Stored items
··········

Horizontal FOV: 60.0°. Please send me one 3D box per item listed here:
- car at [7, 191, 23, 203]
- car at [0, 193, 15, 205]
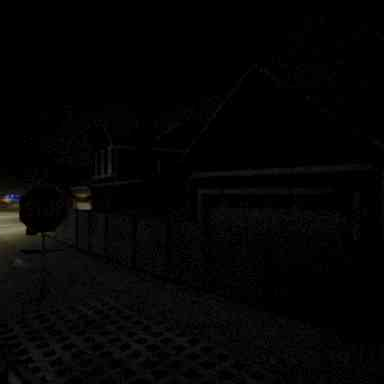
[{"bbox_3d":[-31.690,0.842,59.507,2.150,2.045,5.566,0,0,-19],"label":"car"},{"bbox_3d":[-28.512,1.293,50.030,1.895,1.301,4.718,0,0,-19],"label":"car"}]
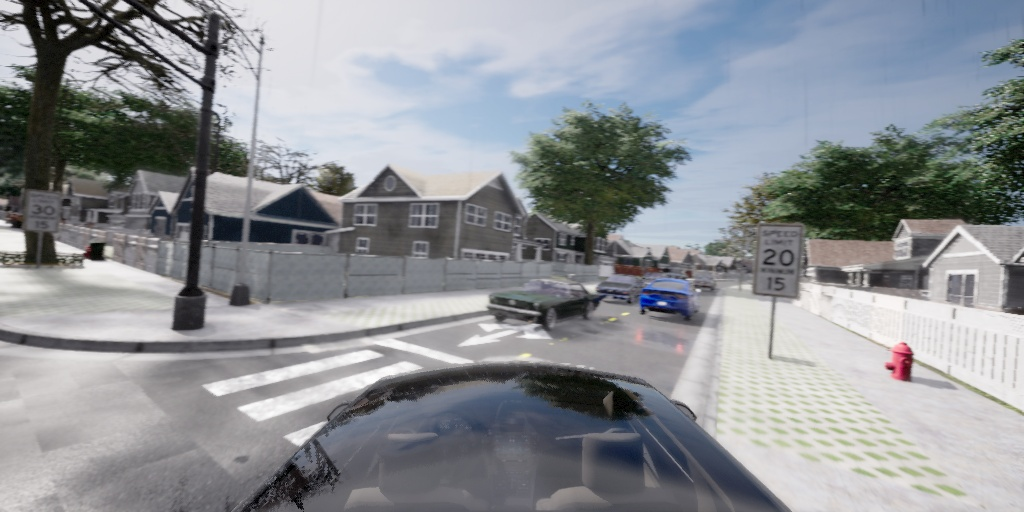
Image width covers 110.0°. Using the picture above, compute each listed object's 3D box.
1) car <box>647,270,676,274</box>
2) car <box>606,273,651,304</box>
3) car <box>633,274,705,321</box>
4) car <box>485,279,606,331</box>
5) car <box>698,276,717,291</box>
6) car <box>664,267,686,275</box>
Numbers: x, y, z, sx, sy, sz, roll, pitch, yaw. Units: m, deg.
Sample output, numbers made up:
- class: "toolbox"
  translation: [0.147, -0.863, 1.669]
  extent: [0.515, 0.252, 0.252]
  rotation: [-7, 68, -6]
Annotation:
- class: "car"
  translation: [11.323, 2.068, 28.481]
  extent: [2.128, 1.511, 4.902]
  rotation: [4, 0, 31]
- class: "car"
  translation: [6.210, 1.747, 19.974]
  extent: [2.033, 1.411, 5.357]
  rotation: [4, 0, 31]
- class: "car"
  translation: [6.927, 1.738, 15.520]
  extent: [1.882, 1.535, 5.008]
  rotation: [4, 0, 32]
- class: "car"
  translation: [1.203, 1.429, 11.602]
  extent: [1.895, 1.301, 4.718]
  rotation: [4, 0, 33]
- class: "car"
  translation: [19.807, 2.756, 36.863]
  extent: [2.033, 1.411, 5.357]
  rotation: [4, 0, 33]
- class: "car"
  translation: [16.713, 2.193, 37.270]
  extent: [2.150, 2.045, 5.566]
  rotation: [4, 0, 32]
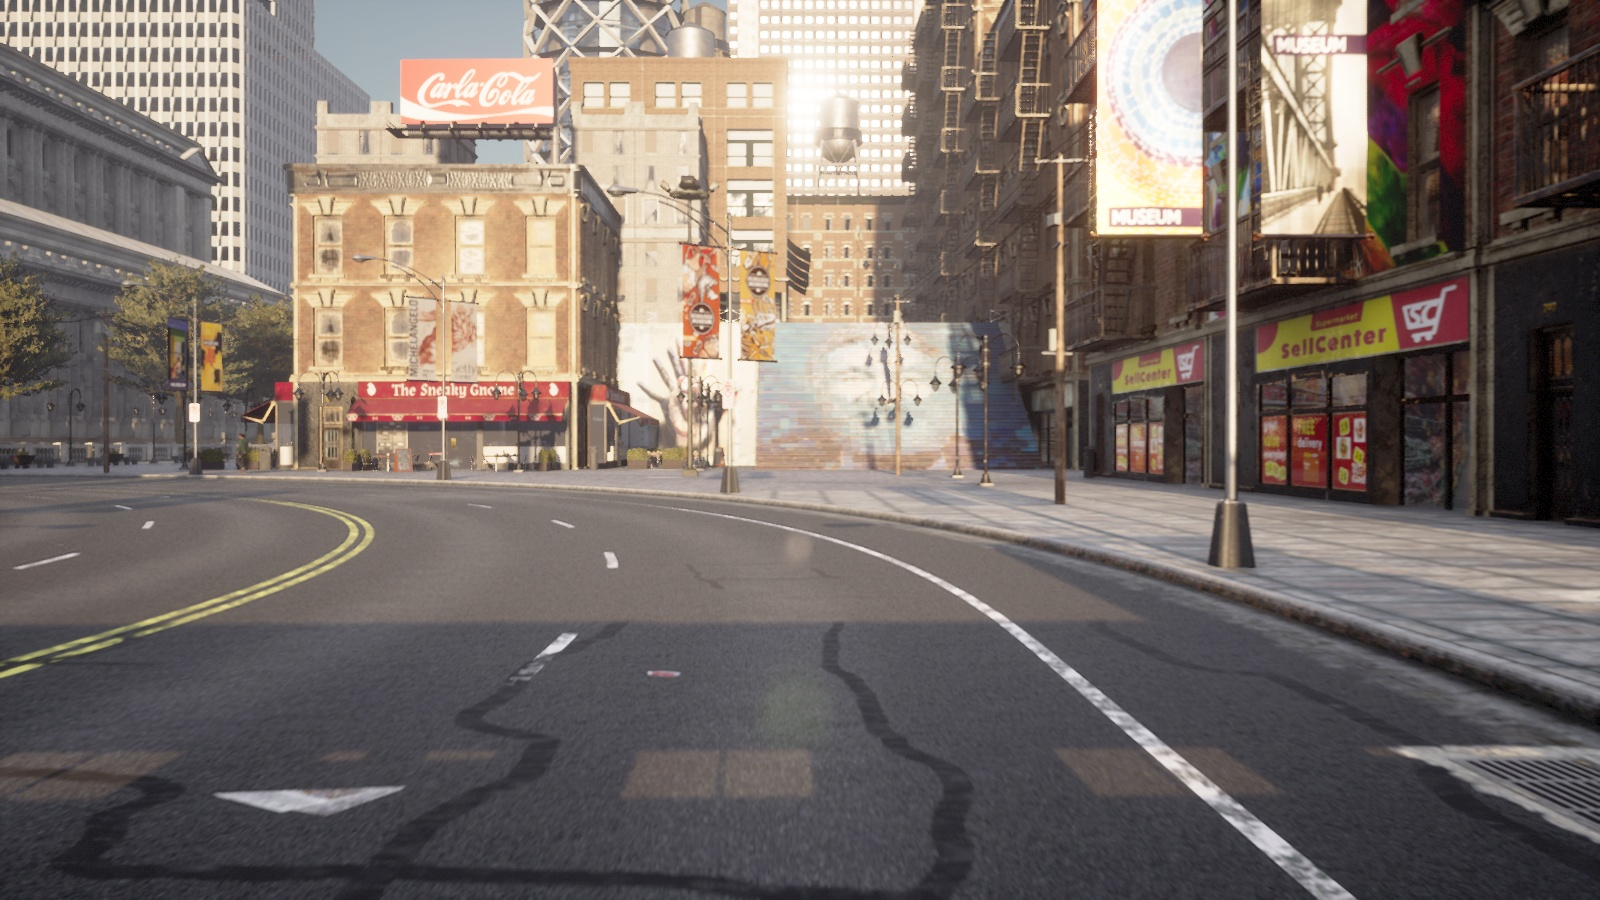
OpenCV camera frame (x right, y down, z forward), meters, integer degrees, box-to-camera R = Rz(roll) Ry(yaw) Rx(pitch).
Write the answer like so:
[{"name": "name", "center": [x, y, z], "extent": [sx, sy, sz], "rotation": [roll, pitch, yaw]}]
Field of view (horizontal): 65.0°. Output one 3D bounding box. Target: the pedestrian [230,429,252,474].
[{"name": "pedestrian", "center": [-24.577, 0.060, 55.244], "extent": [0.788, 1.949, 0.423], "rotation": [0, 0, 16]}]
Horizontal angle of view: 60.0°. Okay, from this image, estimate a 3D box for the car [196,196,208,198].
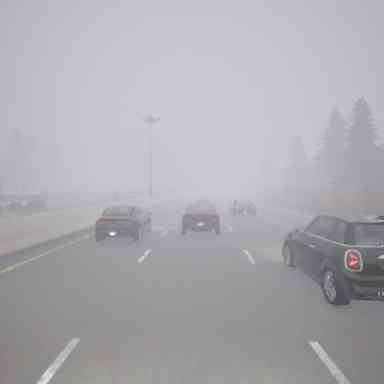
[{"bbox_3d":[1.114,1.179,37.017,1.812,1.442,4.674,0,1,2],"label":"car"}]

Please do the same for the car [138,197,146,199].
[{"bbox_3d":[-8.903,0.710,54.881,2.150,2.045,5.566,0,0,2],"label":"car"}]

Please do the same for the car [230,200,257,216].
[{"bbox_3d":[4.346,1.329,28.980,1.895,1.301,4.718,0,1,2],"label":"car"}]

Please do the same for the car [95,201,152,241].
[{"bbox_3d":[-3.089,1.360,15.652,1.837,1.490,4.892,0,1,2],"label":"car"}]

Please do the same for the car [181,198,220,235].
[{"bbox_3d":[0.481,1.310,17.852,1.882,1.535,5.008,0,1,2],"label":"car"}]

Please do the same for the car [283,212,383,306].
[{"bbox_3d":[3.709,1.275,7.991,2.097,1.767,4.553,0,0,1],"label":"car"}]
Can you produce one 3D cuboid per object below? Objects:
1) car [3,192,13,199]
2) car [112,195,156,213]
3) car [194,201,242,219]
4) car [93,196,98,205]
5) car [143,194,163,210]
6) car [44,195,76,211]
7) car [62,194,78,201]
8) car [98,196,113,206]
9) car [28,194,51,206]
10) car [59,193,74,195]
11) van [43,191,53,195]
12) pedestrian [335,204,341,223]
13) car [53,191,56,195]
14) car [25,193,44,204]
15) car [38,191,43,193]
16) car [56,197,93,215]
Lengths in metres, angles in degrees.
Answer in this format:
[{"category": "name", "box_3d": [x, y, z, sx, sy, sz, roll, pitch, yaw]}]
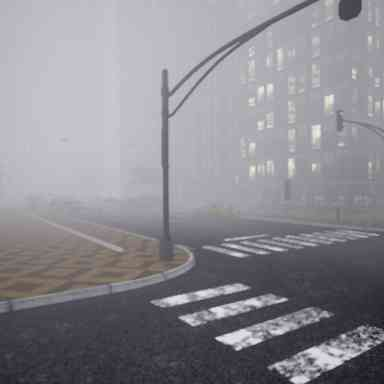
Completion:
[{"category": "car", "box_3d": [-43.729, 0.797, 79.052, 1.967, 1.590, 4.097, 0, 1, -35]}, {"category": "car", "box_3d": [-6.168, 1.314, 34.938, 2.128, 1.511, 4.902, -1, 1, -35]}, {"category": "car", "box_3d": [2.018, 1.418, 27.612, 1.752, 1.417, 4.829, 0, 1, -35]}, {"category": "car", "box_3d": [-14.383, 1.223, 51.374, 1.802, 1.307, 4.206, 0, 1, -35]}, {"category": "car", "box_3d": [-4.750, 1.104, 37.457, 2.192, 1.841, 5.009, 0, 1, -35]}, {"category": "car", "box_3d": [-14.829, 1.364, 37.294, 2.008, 1.369, 4.403, 0, 0, -35]}, {"category": "car", "box_3d": [-24.014, 1.033, 65.290, 1.887, 1.381, 4.507, 0, 1, -35]}, {"category": "car", "box_3d": [-11.171, 1.235, 46.736, 1.887, 1.381, 4.507, 0, 1, -35]}, {"category": "car", "box_3d": [-21.252, 1.296, 46.574, 1.802, 1.307, 4.206, 0, 0, -35]}, {"category": "car", "box_3d": [-20.826, 1.121, 56.105, 1.812, 1.442, 4.674, -1, 1, -35]}, {"category": "van", "box_3d": [-33.644, 0.677, 79.204, 1.690, 1.788, 3.998, 0, 1, -35]}, {"category": "pedestrian", "box_3d": [9.626, 1.365, 21.845, 0.375, 1.300, 0.375, 0, 0, -35]}, {"category": "car", "box_3d": [-27.224, 0.878, 69.928, 1.967, 1.590, 4.097, 0, 1, -35]}, {"category": "car", "box_3d": [-24.462, 1.208, 51.214, 1.887, 1.381, 4.507, 0, 1, -35]}, {"category": "car", "box_3d": [-36.856, 0.835, 83.844, 2.008, 1.369, 4.403, 0, 1, -35]}, {"category": "car", "box_3d": [-11.618, 1.428, 32.655, 1.947, 1.339, 4.313, 0, 0, -35]}]
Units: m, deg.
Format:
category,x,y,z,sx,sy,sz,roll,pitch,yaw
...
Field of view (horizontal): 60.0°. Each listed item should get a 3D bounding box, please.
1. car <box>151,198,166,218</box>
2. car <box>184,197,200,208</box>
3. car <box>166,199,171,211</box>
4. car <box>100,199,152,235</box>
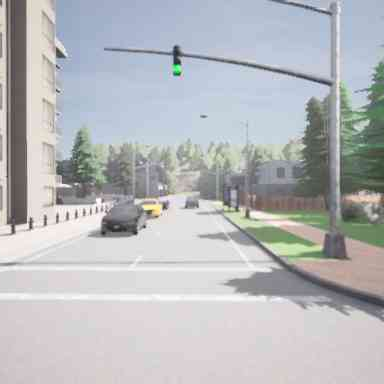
category,x,y,z,sx,sy,sz,roll,pitch,yaw
car,-3.590,1.334,28.287,1.882,1.535,5.008,0,0,0
car,0.018,1.330,42.526,2.033,1.411,5.357,0,0,0
car,-3.559,1.404,38.389,1.895,1.301,4.718,0,0,0
car,-3.599,1.386,18.326,1.882,1.535,5.008,0,0,0
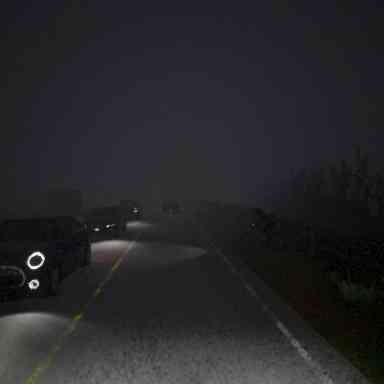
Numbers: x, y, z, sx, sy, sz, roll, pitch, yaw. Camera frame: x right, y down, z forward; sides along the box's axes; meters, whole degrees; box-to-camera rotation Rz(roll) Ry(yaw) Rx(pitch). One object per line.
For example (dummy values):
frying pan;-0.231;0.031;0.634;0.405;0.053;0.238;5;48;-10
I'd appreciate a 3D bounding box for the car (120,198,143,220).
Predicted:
car;-5.430;1.445;28.526;2.097;1.767;4.553;-1;0;-4

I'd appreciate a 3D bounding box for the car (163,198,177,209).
car;-3.186;1.646;48.721;1.994;1.385;4.181;-1;0;-4

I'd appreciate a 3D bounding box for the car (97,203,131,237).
car;-4.766;1.580;18.513;1.837;1.490;4.892;-1;0;-4

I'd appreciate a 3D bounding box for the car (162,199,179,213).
car;-2.404;1.663;37.757;1.895;1.301;4.718;-1;0;-3

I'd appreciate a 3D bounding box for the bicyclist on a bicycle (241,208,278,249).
bicyclist on a bicycle;2.722;1.434;12.944;1.656;1.620;0.582;-1;0;-4

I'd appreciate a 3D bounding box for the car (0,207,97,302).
car;-4.100;1.411;8.613;2.097;1.767;4.553;-1;0;-4

··········

◆ The task: Wherever the word "camera" occurs in the data, copy that whole line.

◆ Written response:
OpenCV camera frame (x right, y down, z forward), meters, integer degrees, box-to-camera R = Rz(roll) Ry(yaw) Rx(pitch).
Numbers: x, y, z, sx, sy, sz, roll, pitch, yaw. Camera frame: x right, y down, z forward; sides along the box's axes; meters, whole degrees; box-to-camera rotation Rz(roll) Ry(yaw) Rx(pitch). One object per line.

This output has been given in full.